How many lines in the material below contain the string "roll"? Answer with the number alone.

---------- MATERIAL SHOWN ----------

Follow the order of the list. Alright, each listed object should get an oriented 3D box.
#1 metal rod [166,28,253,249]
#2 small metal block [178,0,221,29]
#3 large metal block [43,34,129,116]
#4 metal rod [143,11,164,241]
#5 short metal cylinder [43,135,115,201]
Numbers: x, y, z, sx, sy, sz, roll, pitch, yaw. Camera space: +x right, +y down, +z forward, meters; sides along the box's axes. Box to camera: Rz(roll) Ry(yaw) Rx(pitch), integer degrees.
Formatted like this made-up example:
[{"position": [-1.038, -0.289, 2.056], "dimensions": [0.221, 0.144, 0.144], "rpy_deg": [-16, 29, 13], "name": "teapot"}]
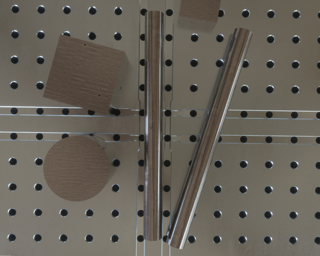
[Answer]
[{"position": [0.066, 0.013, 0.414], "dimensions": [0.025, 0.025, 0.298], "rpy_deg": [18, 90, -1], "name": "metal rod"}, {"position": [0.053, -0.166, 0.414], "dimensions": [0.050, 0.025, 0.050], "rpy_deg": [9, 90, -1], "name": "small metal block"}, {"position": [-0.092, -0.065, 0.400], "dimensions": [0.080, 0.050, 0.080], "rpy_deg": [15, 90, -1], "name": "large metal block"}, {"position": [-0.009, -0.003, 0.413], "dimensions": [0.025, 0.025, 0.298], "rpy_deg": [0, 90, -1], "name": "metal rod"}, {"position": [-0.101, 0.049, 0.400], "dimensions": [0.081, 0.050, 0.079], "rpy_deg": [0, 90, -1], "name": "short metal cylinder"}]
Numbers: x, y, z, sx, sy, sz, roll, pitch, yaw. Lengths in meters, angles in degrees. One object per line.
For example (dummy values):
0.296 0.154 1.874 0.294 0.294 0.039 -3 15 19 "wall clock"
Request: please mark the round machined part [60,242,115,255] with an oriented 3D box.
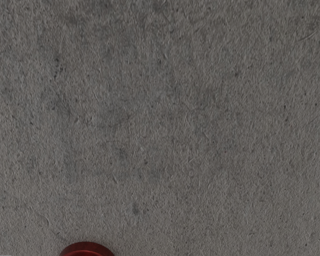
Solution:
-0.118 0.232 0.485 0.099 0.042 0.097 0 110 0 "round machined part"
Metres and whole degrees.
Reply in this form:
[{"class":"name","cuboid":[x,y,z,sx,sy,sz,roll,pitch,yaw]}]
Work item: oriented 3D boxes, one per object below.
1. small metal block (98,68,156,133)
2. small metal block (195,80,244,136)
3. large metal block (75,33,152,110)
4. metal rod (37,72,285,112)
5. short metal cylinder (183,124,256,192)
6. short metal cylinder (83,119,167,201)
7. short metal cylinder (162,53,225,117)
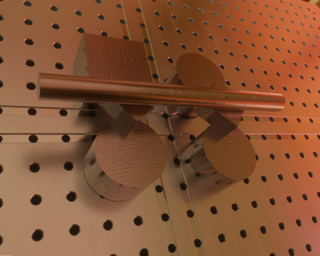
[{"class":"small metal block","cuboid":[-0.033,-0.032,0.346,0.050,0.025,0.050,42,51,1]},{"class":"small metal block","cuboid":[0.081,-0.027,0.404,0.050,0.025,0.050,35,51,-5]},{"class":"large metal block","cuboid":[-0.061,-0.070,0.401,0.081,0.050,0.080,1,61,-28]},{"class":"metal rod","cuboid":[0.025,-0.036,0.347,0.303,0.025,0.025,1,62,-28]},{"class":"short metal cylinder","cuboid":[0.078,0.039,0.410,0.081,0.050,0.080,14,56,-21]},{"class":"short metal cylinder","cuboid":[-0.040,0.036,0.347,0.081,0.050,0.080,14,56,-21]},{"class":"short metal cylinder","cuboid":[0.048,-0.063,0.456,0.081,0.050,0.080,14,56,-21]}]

----------

- **ANSWER SPACE**: 3